SAN ANTONIO-Two Dallas-area companies have banded together to prime 9,000 acres for mixed-use development in northwestern San Antonio. The majority will end up in homebuilders' hands, but a fair stake is being reserved for retail and condo build-outs.
Baruch Properties and Mockingbird Properties are now plowing the fields together in the Loop 1604-Interstate 10 corridor. Mockingbird's president Mitchell Vexler tells GlobeSt.com that he's lined up 1,000 acres in four transactions for commercial development from Baruch's land bank, amassed over the past 18 months in 20-some deals. Vexler estimates nearly $260 million to date has been spent to build the land bank--with more about to go on the line in the near future. "We've got a pretty big appetite," he says. "We are moving forward on going in for more." Coming up soon is a 302-acre pickup.
Vexler's most prominent piece abuts La Cantera on one side and the hillside estate of country music star George Strait on the other. Vexler is planning to sell 83 acres of the 800-acre tract to a lifestyle retail developer from California, who's getting a tract primed with entitlements and water rights for up to 1.5 million sf of two-story development. The deal is slated to close at the end of January 2007. Vexler, a high-end condo developer, has kept 18 acres on a hill overlooking the proposed retail for his pipeline. In 18 to 24 months, he plans to start construction on his specialty product, condos.
"We're creating the growth pattern," Vexler explains, adding the partners are putting in roads and utility lines and selling development tracts. "We'll do whatever it takes to get to a position to sell it. But, we're truly buying land that's ready for development. We're not buying land on spec." He says 80% of Baruch's bank already is entitled. So far, Baruch has sold tracts to Wall Homes Inc. of Arlington, TX, Miami-based Lennar Corp. and Pulte Homes Inc., headquartered in Bloomfield Hills, MI.

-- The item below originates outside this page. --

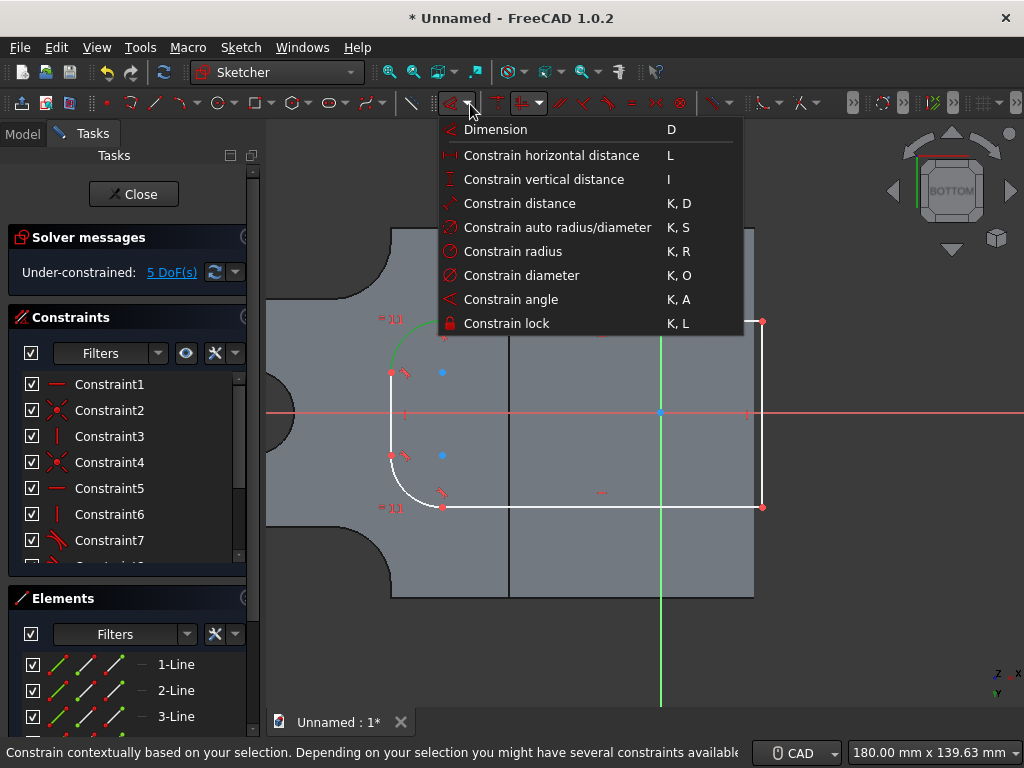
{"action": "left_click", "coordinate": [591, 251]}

As the blocks get carved up, Vexler reserves tracts for multifamily development. "I'm racking up land for future development in growth corridors. I'm creating my deal flow," he says. "I just have to be patient."
Meanwhile, Vexler is fine-tuning a mixed-use prototype with ground-level retail and four floors of condos. The density, plus or minus, is 12,000 sf of retail topped off with 45 to 52 multifamily units per acre in an urban-village design intended for tracts of 20 acres or less.
"By partnering with Baruch, it gives me the opportunity to do what I used to do," says Vexler, who focused on land development from 1990-96 until he turned his focus to high-rise condo projects. He says the new partners also are eyeing development acreage in Dallas, Nashville, Seattle and Anaheim, CA. And, talks are under way about opening an office in Houston.